MATERIAL FOR THIS TASK:
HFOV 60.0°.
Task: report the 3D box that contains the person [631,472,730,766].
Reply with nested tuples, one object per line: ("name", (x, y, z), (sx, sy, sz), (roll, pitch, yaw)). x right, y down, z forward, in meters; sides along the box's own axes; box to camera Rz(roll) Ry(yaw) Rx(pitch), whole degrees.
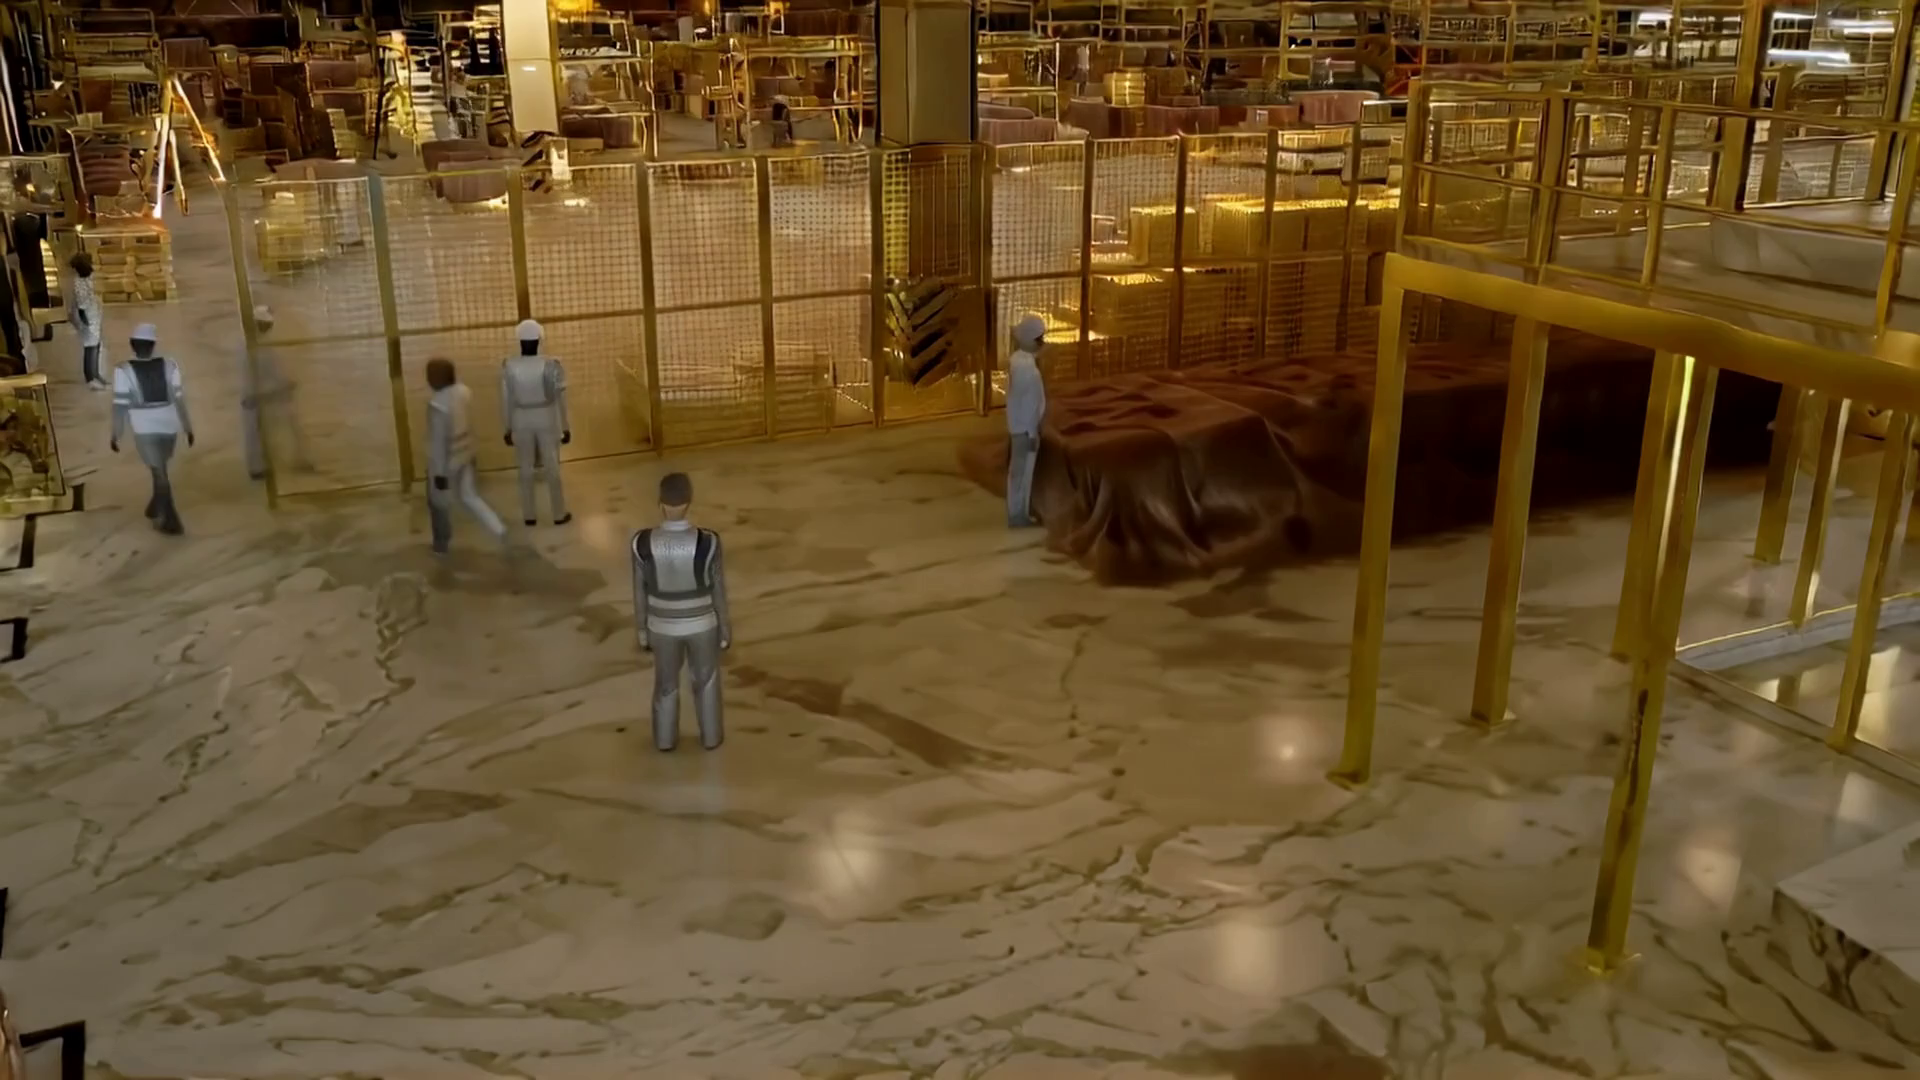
("person", (-1.760, 0.516, 10.582), (0.602, 1.948, 0.386), (0, 19, 0))

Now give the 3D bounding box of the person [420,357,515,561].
("person", (-4.295, -0.676, 14.236), (0.768, 1.820, 0.632), (5, 20, 14))

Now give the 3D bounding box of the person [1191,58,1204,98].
("person", (8.795, -17.000, 61.736), (0.540, 1.695, 0.317), (-10, 21, -26))

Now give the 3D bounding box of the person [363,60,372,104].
("person", (-22.083, -17.177, 62.378), (0.736, 1.605, 0.529), (-8, 21, -22))

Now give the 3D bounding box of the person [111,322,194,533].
("person", (-7.400, -1.029, 15.157), (0.858, 1.874, 0.654), (17, 26, 41))

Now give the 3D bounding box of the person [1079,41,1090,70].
("person", (5.331, -20.330, 71.059), (0.629, 1.925, 0.441), (-18, 26, -42))

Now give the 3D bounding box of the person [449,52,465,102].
("person", (-19.027, -17.510, 62.911), (0.638, 1.909, 0.916), (-16, 25, -38))

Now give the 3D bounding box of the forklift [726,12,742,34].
("forklift", (-11.034, -24.404, 81.413), (1.873, 2.768, 1.129), (8, 20, 21))

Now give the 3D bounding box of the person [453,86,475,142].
("person", (-13.400, -11.345, 45.127), (0.596, 1.834, 0.956), (-14, 24, -35))

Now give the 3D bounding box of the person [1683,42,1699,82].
("person", (32.038, -20.809, 72.630), (0.611, 1.795, 0.894), (-13, 23, -32))

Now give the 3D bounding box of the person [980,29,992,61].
("person", (1.283, -24.424, 82.865), (0.621, 1.945, 0.984), (3, 19, 9))

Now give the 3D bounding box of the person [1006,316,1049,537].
("person", (0.601, -1.026, 14.981), (0.379, 1.996, 0.611), (-3, 19, -10))

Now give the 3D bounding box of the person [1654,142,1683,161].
("person", (13.152, -6.634, 31.165), (0.607, 2.044, 0.378), (10, 21, 27))

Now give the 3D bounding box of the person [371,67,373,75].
("person", (-20.778, -16.346, 59.617), (0.506, 1.847, 0.345), (-6, 20, -16))

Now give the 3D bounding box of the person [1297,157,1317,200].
("person", (5.955, -5.626, 28.532), (0.517, 1.851, 0.376), (-16, 25, -38))

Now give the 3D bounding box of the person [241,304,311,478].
("person", (-6.946, -1.515, 16.784), (0.536, 1.745, 0.691), (7, 20, 19))

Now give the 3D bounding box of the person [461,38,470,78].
("person", (-21.813, -21.201, 73.548), (0.362, 1.939, 0.542), (-1, 19, -4))

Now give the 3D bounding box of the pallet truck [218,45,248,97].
("pallet truck", (-28.879, -18.665, 66.111), (0.823, 1.965, 1.885), (-3, 19, -9))

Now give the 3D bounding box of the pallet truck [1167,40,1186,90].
("pallet truck", (9.045, -19.971, 69.895), (0.823, 1.965, 1.885), (-3, 19, -8))

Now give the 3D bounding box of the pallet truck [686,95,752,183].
("pallet truck", (-5.836, -9.608, 39.856), (0.823, 1.965, 1.885), (10, 22, 27))

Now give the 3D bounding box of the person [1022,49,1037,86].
("person", (2.858, -19.274, 68.059), (0.622, 1.891, 0.770), (-6, 20, -16))

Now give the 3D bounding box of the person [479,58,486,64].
("person", (-17.544, -16.860, 61.274), (0.326, 1.735, 0.482), (15, 24, 36))

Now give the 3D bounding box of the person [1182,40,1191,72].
("person", (9.795, -20.686, 72.060), (0.700, 1.945, 0.603), (-10, 22, -27))

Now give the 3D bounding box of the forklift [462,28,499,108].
("forklift", (-17.229, -17.133, 60.337), (1.129, 2.768, 1.873), (4, 19, 12))

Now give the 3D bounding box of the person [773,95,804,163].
("person", (-4.472, -10.565, 42.908), (0.639, 1.800, 0.899), (18, 26, 42))

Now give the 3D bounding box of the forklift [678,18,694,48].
("forklift", (-11.816, -21.177, 72.058), (1.873, 2.768, 1.129), (-9, 21, -25))

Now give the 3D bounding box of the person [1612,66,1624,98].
("person", (22.569, -15.461, 57.296), (0.639, 1.680, 0.542), (7, 20, 20))

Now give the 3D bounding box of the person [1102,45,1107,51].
("person", (6.957, -23.415, 80.445), (0.658, 1.616, 0.523), (-6, 20, -18))

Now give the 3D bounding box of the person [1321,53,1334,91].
("person", (13.907, -17.303, 62.365), (0.877, 1.862, 0.684), (0, 19, 0))

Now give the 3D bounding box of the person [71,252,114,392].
("person", (-10.530, -2.636, 20.111), (0.322, 1.689, 0.530), (-4, 19, -12))

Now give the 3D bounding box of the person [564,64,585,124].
("person", (-12.559, -14.531, 54.260), (0.659, 1.915, 0.784), (-3, 19, -7))

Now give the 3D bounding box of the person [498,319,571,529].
("person", (-3.863, -1.055, 15.167), (0.595, 1.925, 0.374), (-2, 19, -7))

TASK ITEM: Every record, from top to bottom, gets written out exactly; no picture goes into the copy.

SOLUTION:
HFOV 60.0°.
Task: report the 3D box that contains the person [631,472,730,766].
Reply with nested tuples, one object per line: ("name", (x, y, z), (sx, sy, sz), (roll, pitch, yaw)). x right, y down, z forward, in meters; sides along the box's own axes; box to camera Rz(roll) Ry(yaw) Rx(pitch), whole degrees.
("person", (-1.760, 0.516, 10.582), (0.602, 1.948, 0.386), (0, 19, 0))

Now give the 3D bounding box of the person [420,357,515,561].
("person", (-4.295, -0.676, 14.236), (0.768, 1.820, 0.632), (5, 20, 14))

Now give the 3D bounding box of the person [1191,58,1204,98].
("person", (8.795, -17.000, 61.736), (0.540, 1.695, 0.317), (-10, 21, -26))

Now give the 3D bounding box of the person [363,60,372,104].
("person", (-22.083, -17.177, 62.378), (0.736, 1.605, 0.529), (-8, 21, -22))

Now give the 3D bounding box of the person [111,322,194,533].
("person", (-7.400, -1.029, 15.157), (0.858, 1.874, 0.654), (17, 26, 41))

Now give the 3D bounding box of the person [1079,41,1090,70].
("person", (5.331, -20.330, 71.059), (0.629, 1.925, 0.441), (-18, 26, -42))

Now give the 3D bounding box of the person [449,52,465,102].
("person", (-19.027, -17.510, 62.911), (0.638, 1.909, 0.916), (-16, 25, -38))

Now give the 3D bounding box of the forklift [726,12,742,34].
("forklift", (-11.034, -24.404, 81.413), (1.873, 2.768, 1.129), (8, 20, 21))

Now give the 3D bounding box of the person [453,86,475,142].
("person", (-13.400, -11.345, 45.127), (0.596, 1.834, 0.956), (-14, 24, -35))

Now give the 3D bounding box of the person [1683,42,1699,82].
("person", (32.038, -20.809, 72.630), (0.611, 1.795, 0.894), (-13, 23, -32))

Now give the 3D bounding box of the person [980,29,992,61].
("person", (1.283, -24.424, 82.865), (0.621, 1.945, 0.984), (3, 19, 9))

Now give the 3D bounding box of the person [1006,316,1049,537].
("person", (0.601, -1.026, 14.981), (0.379, 1.996, 0.611), (-3, 19, -10))

Now give the 3D bounding box of the person [1654,142,1683,161].
("person", (13.152, -6.634, 31.165), (0.607, 2.044, 0.378), (10, 21, 27))

Now give the 3D bounding box of the person [371,67,373,75].
("person", (-20.778, -16.346, 59.617), (0.506, 1.847, 0.345), (-6, 20, -16))

Now give the 3D bounding box of the person [1297,157,1317,200].
("person", (5.955, -5.626, 28.532), (0.517, 1.851, 0.376), (-16, 25, -38))

Now give the 3D bounding box of the person [241,304,311,478].
("person", (-6.946, -1.515, 16.784), (0.536, 1.745, 0.691), (7, 20, 19))

Now give the 3D bounding box of the person [461,38,470,78].
("person", (-21.813, -21.201, 73.548), (0.362, 1.939, 0.542), (-1, 19, -4))

Now give the 3D bounding box of the pallet truck [218,45,248,97].
("pallet truck", (-28.879, -18.665, 66.111), (0.823, 1.965, 1.885), (-3, 19, -9))

Now give the 3D bounding box of the pallet truck [1167,40,1186,90].
("pallet truck", (9.045, -19.971, 69.895), (0.823, 1.965, 1.885), (-3, 19, -8))

Now give the 3D bounding box of the pallet truck [686,95,752,183].
("pallet truck", (-5.836, -9.608, 39.856), (0.823, 1.965, 1.885), (10, 22, 27))

Now give the 3D bounding box of the person [1022,49,1037,86].
("person", (2.858, -19.274, 68.059), (0.622, 1.891, 0.770), (-6, 20, -16))

Now give the 3D bounding box of the person [479,58,486,64].
("person", (-17.544, -16.860, 61.274), (0.326, 1.735, 0.482), (15, 24, 36))

Now give the 3D bounding box of the person [1182,40,1191,72].
("person", (9.795, -20.686, 72.060), (0.700, 1.945, 0.603), (-10, 22, -27))

Now give the 3D bounding box of the forklift [462,28,499,108].
("forklift", (-17.229, -17.133, 60.337), (1.129, 2.768, 1.873), (4, 19, 12))

Now give the 3D bounding box of the person [773,95,804,163].
("person", (-4.472, -10.565, 42.908), (0.639, 1.800, 0.899), (18, 26, 42))

Now give the 3D bounding box of the forklift [678,18,694,48].
("forklift", (-11.816, -21.177, 72.058), (1.873, 2.768, 1.129), (-9, 21, -25))

Now give the 3D bounding box of the person [1612,66,1624,98].
("person", (22.569, -15.461, 57.296), (0.639, 1.680, 0.542), (7, 20, 20))

Now give the 3D bounding box of the person [1102,45,1107,51].
("person", (6.957, -23.415, 80.445), (0.658, 1.616, 0.523), (-6, 20, -18))

Now give the 3D bounding box of the person [1321,53,1334,91].
("person", (13.907, -17.303, 62.365), (0.877, 1.862, 0.684), (0, 19, 0))

Now give the 3D bounding box of the person [71,252,114,392].
("person", (-10.530, -2.636, 20.111), (0.322, 1.689, 0.530), (-4, 19, -12))

Now give the 3D bounding box of the person [564,64,585,124].
("person", (-12.559, -14.531, 54.260), (0.659, 1.915, 0.784), (-3, 19, -7))

Now give the 3D bounding box of the person [498,319,571,529].
("person", (-3.863, -1.055, 15.167), (0.595, 1.925, 0.374), (-2, 19, -7))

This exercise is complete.